Headteacher accuses council of plotting school closures with ‘data that doesn’t stack up’
A Hackney headteacher has accused councillors of planning secondary school closures on the back of faulty data.
Speaking at a recent children and young people’s scrutiny commission meeting, Urswick School boss Richard Brown claimed that the council’s admissions report doesn’t fully take into account future housing developments – meaning demand could suddenly spike when new residents move in.
He pointed to a Tower Hamlets plan to build a new primary school to serve a large-scale housing development in the Wood Wharf district of Canary Wharf – even though existing data shows a surplus of places.
The report warns that a “significant number of surplus secondary school places” will inform a “Hackney school organisation strategy to shape and manage school places and school property usage for the coming decade”.
And Hackney Director of Education Anne Canning told an April audit committee meeting that a surplus of 500 primary places would create “significant financial risk” for secondary schools.
Eleven primary schools in the borough have already either agreed or implemented caps on future pupil admissions to save resources.
Brown claimed that closing schools without fully taking into account future developments could see families “travelling to the other side of the borough in the future because of planned cuts in secondary schools based on data that doesn’t stack up”.
He said: “Everything in this report looks really clear, but it’s based on an assumption that the number of kids currently in primary school will be exactly replicated by the time they go to secondary school – and that’s also the assumption at the moment to reduce the number of primary school places.
“Tower Hamlets are about to build a new primary school, and when I look at why it’s because they have looked at housing developments that are taking place in a particular part of the borough, and they realise that their borough needs another primary school – even though we’re constantly told that every inner London borough is projecting falling rolls.
“Every time you reduce so-called surplus places, you reduce parental choice. It means less people are likely to get the school of their choice because there’s less slack in the system.
“As an example, this report says Mossbourne Primary School Parkside is taking 57 out-of-borough places. Mossbourne Community Academy currently has very few out-of-borough children, but its admissions policy says they give preference to Mossbourne Parkside.

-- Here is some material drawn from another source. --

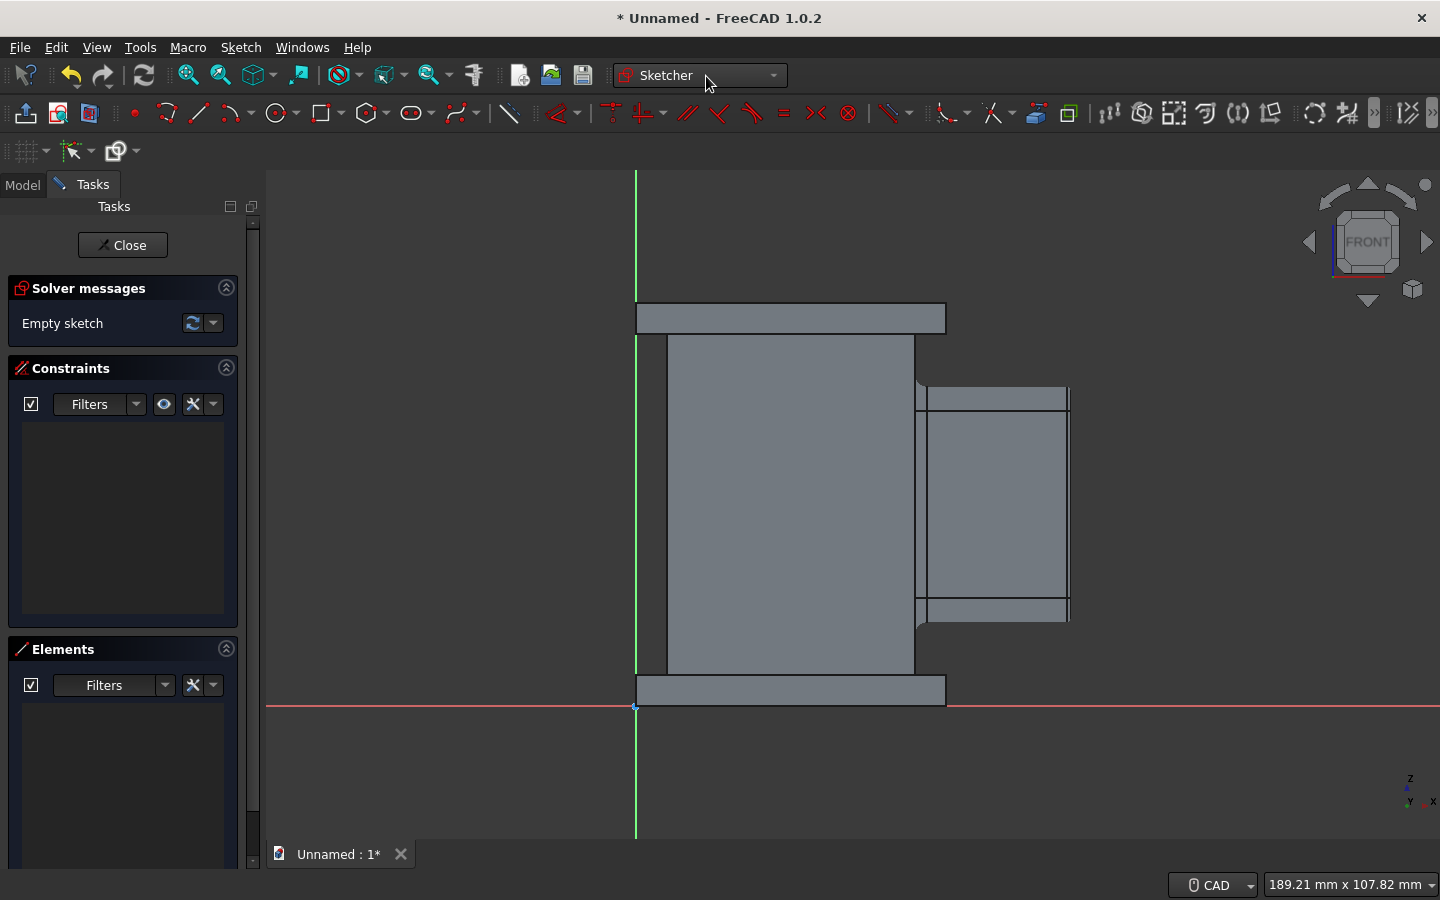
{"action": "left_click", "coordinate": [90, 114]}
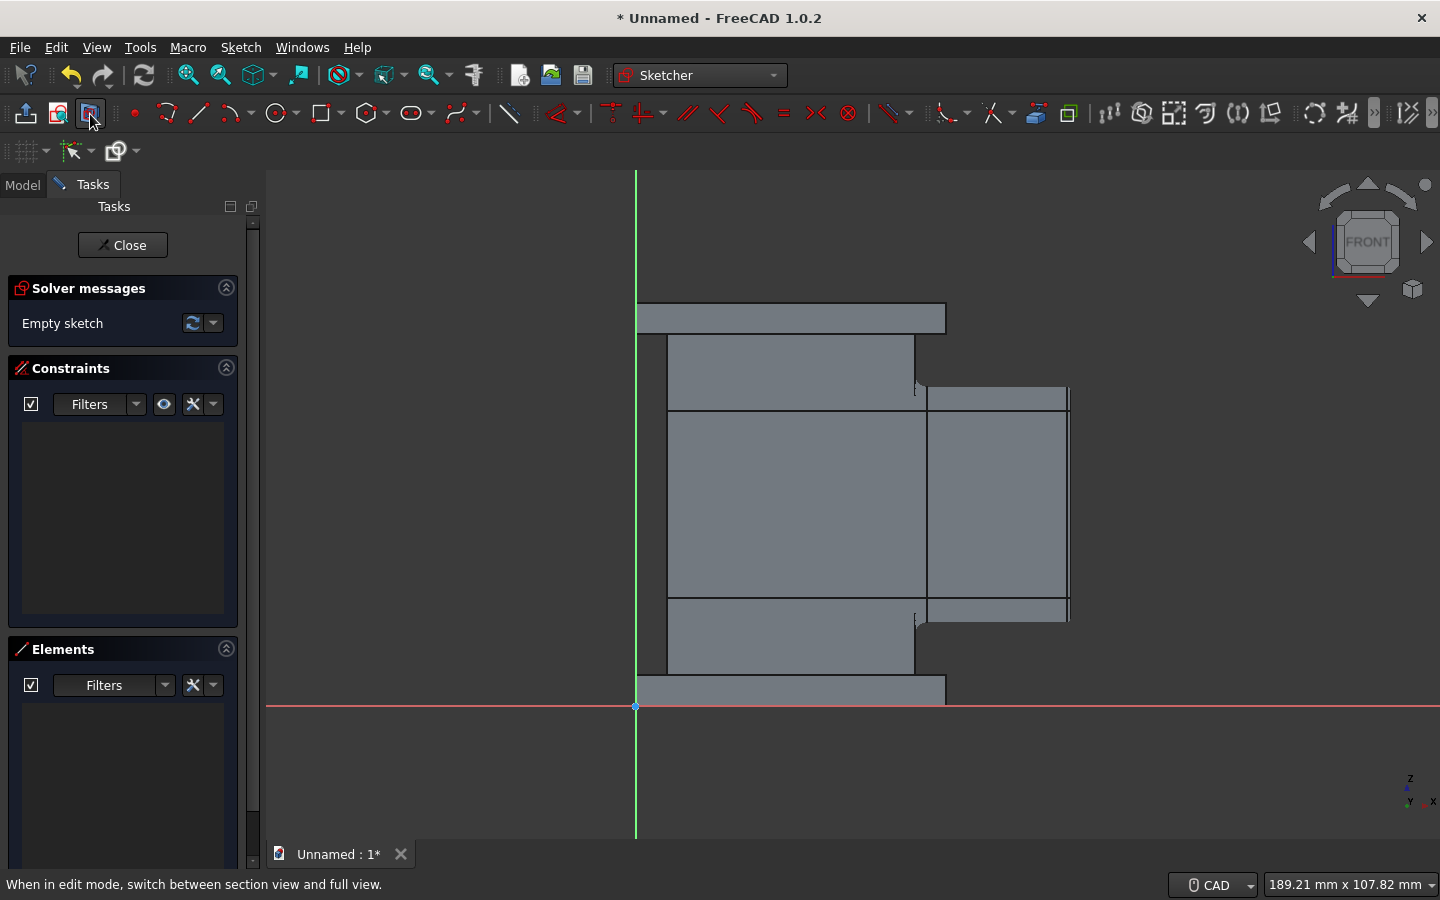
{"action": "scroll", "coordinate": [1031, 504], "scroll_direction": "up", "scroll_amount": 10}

“If down the line, there are going to be a greater number of out-of-borough kids attending Mossbourne Academy as secondary school kids, then these numbers don’t work.
“I’m a local boy, I know about the development at the Tesco on Morning Lane.
“Let’s look at the impact of that, let’s look at the impact of families who if we’re not careful will be travelling to the other side of the borough in the future because of planned cuts in secondary school Published Admission Numbers which are based on data that doesn’t stack up.
“I can’t see anything in this report for the projection of surplus secondary school places base that takes into account planned housing developments for future years.”
Labour Councillor Anntoinette Bramble insisted that housing developments are taken into account in the planning – and pointed out that free schools can tackle future demand by setting up without warning from the council.
She added: “I think you’ve made a fair point, but just to reassure you we are looking across the council and I’m discussing this with the mayor in great detail.
“We’ve got to look at how you support schools in the number they have now but knowing that could change with developments and families moving in.
“That is definitely part of the strategic approach going forward.”
The council was approached for further comment but is yet to respond.